_What is being asked:_ Which lines run from the line with "- time between" through the line with "4. S21 at marker 2" in the entries below? Print them exactly, both ends included, and nothing more.

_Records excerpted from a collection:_
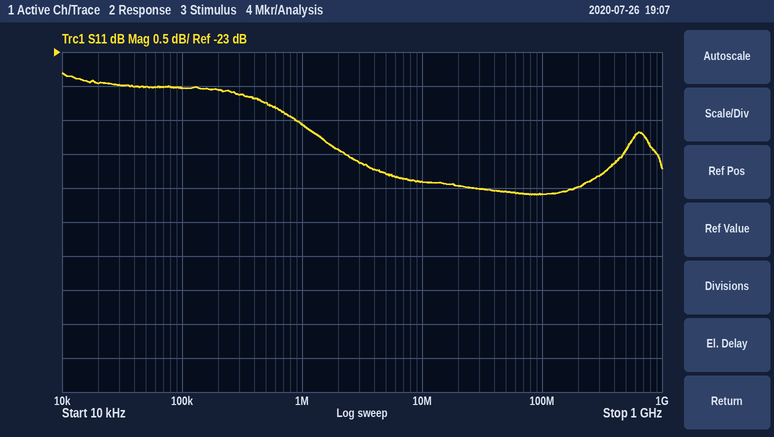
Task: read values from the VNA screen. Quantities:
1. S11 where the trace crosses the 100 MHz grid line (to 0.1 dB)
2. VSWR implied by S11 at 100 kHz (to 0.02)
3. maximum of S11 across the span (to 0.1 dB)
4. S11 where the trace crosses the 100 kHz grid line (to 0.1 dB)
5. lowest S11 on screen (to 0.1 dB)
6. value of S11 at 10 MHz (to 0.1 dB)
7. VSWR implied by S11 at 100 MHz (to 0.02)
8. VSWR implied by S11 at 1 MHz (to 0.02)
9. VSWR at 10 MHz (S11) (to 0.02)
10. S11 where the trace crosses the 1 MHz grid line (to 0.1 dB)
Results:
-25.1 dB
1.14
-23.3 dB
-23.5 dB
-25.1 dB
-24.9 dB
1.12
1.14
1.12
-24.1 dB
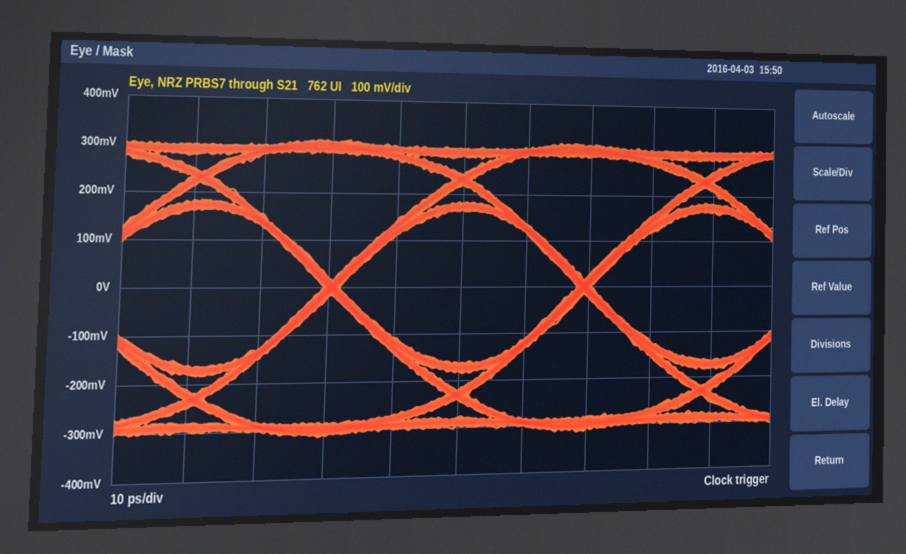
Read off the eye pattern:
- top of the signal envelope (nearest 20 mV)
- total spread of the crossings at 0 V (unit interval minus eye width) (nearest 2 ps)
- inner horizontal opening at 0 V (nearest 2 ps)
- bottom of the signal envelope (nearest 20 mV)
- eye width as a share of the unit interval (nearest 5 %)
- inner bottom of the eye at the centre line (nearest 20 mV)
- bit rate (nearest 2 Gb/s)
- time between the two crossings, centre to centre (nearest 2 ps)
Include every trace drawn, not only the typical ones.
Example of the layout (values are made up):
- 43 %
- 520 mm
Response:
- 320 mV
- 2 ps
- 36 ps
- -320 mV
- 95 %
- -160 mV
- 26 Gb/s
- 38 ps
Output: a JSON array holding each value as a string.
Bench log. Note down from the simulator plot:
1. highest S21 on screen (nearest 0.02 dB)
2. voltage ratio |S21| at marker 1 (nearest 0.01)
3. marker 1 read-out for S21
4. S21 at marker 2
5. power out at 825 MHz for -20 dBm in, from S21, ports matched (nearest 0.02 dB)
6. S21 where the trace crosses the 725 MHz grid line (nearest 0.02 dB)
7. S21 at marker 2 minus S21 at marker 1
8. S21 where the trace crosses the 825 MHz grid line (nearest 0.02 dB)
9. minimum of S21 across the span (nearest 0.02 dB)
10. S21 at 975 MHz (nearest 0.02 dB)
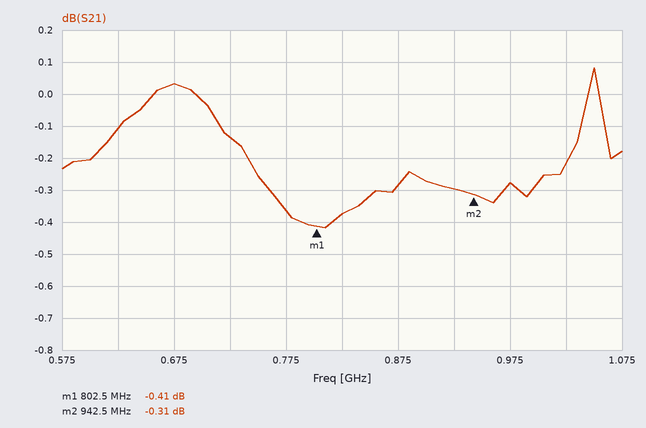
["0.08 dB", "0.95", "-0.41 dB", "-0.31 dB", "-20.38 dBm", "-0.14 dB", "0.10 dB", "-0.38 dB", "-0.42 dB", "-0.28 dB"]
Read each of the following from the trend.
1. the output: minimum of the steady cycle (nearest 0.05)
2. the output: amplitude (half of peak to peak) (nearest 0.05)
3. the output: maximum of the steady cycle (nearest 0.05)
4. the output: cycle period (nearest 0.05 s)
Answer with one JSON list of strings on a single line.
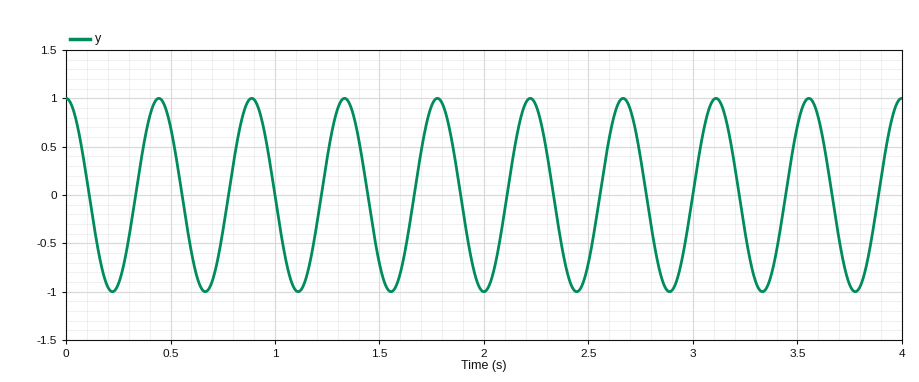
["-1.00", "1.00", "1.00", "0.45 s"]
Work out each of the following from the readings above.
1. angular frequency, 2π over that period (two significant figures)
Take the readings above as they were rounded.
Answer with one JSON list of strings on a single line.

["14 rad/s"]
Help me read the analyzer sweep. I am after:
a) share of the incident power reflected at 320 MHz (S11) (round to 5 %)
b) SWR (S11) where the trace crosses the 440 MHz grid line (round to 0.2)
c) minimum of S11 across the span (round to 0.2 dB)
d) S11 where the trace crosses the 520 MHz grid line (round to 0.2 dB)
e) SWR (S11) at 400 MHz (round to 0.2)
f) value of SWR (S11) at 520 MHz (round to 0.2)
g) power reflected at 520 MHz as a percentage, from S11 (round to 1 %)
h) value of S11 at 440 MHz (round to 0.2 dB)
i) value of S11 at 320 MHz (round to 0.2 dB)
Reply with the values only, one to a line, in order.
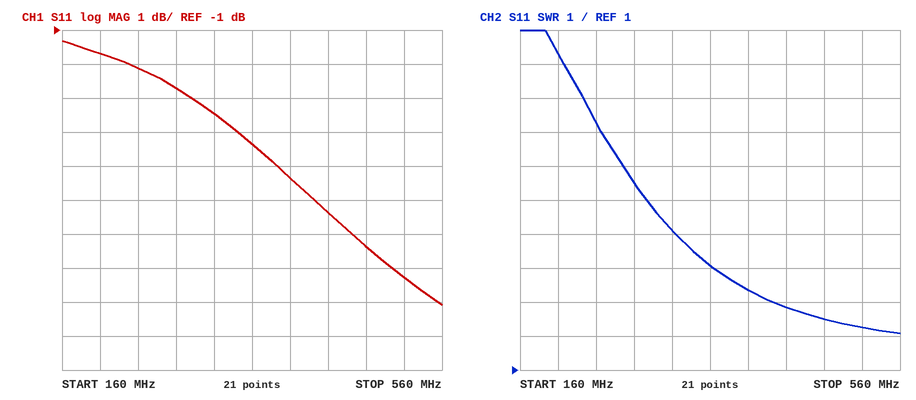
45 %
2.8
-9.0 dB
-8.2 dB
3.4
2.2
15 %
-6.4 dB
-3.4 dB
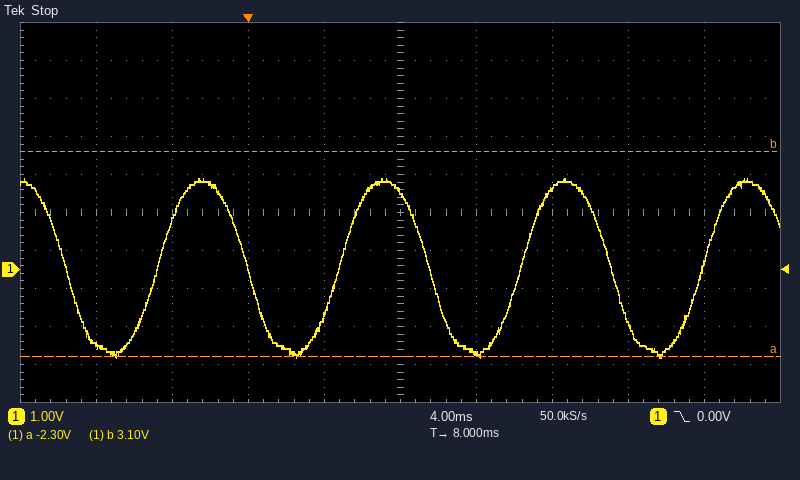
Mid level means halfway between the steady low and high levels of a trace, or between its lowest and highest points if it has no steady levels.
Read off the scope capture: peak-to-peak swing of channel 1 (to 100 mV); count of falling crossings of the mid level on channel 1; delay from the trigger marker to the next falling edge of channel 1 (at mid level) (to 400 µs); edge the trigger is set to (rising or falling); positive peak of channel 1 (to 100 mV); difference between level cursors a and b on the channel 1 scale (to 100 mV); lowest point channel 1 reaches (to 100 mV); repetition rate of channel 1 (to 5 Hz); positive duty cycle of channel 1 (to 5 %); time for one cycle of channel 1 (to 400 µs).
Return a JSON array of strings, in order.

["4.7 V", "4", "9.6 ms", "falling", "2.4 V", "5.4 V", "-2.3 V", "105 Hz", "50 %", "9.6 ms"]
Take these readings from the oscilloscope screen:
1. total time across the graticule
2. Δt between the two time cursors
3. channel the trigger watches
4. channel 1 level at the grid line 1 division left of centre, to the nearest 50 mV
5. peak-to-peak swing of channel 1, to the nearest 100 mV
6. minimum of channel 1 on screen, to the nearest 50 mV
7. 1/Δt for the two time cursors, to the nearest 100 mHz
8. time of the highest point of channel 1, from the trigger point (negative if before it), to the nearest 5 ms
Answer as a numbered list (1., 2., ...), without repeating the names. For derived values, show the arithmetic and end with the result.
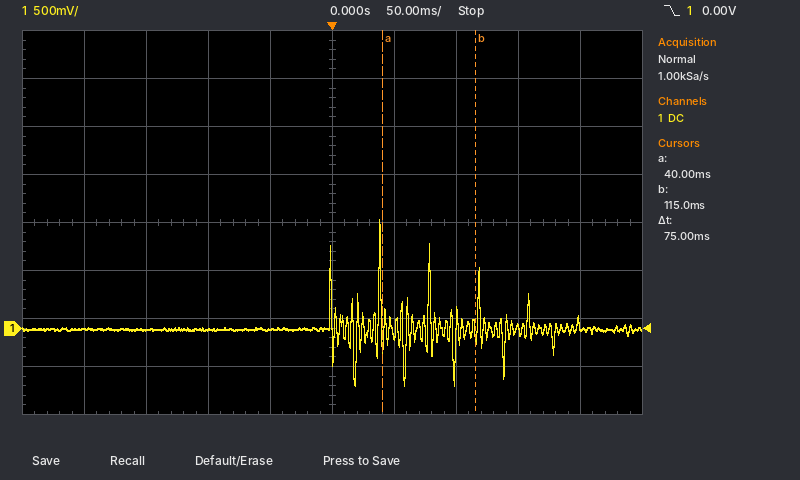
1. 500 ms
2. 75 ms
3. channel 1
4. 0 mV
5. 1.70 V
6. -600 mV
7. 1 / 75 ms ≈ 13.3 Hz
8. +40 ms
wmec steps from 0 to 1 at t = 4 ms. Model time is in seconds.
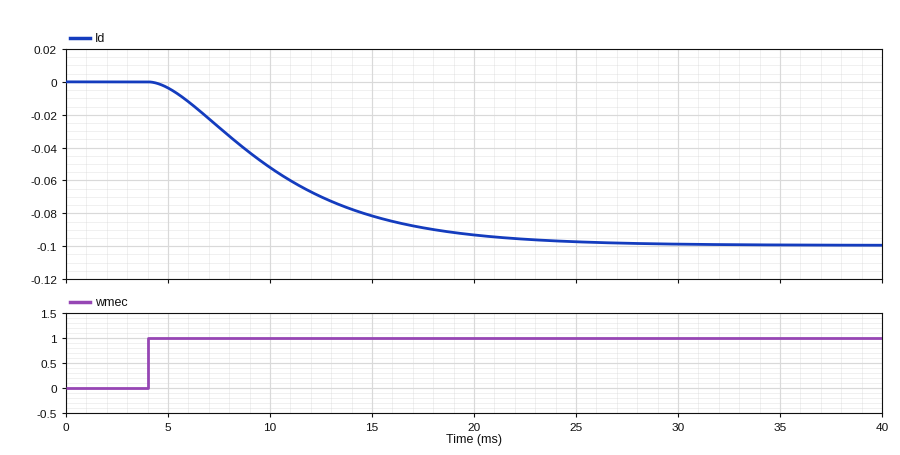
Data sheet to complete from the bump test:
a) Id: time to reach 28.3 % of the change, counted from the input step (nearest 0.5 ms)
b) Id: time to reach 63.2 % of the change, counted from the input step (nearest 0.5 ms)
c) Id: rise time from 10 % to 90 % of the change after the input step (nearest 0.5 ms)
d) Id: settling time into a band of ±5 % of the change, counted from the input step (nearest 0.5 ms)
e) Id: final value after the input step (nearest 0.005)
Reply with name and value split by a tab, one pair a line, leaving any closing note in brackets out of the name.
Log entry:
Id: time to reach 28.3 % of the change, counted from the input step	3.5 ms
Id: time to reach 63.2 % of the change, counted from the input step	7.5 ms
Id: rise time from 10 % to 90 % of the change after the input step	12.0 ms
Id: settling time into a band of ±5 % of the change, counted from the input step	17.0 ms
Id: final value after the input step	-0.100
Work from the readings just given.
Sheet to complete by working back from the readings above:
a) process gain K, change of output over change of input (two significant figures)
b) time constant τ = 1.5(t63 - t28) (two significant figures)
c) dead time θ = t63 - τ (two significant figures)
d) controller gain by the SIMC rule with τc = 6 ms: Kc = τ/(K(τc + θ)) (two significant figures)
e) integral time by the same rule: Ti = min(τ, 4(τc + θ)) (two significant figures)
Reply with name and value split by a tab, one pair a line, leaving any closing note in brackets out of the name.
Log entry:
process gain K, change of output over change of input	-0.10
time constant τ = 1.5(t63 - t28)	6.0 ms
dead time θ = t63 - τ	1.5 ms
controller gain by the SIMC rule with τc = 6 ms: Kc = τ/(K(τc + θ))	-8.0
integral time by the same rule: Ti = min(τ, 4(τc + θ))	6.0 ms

_Output below:_
- time between the two crossings, centre to centre (nearest 2 ps)
Include every trace drawn, not only the typical ones.
Example of the layout (values are made up):
- 43 %
- 520 mm
Response:
- 320 mV
- 2 ps
- 36 ps
- -320 mV
- 95 %
- -160 mV
- 26 Gb/s
- 38 ps
Output: a JSON array holding each value as a string.
Bench log. Note down from the simulator plot:
1. highest S21 on screen (nearest 0.02 dB)
2. voltage ratio |S21| at marker 1 (nearest 0.01)
3. marker 1 read-out for S21
4. S21 at marker 2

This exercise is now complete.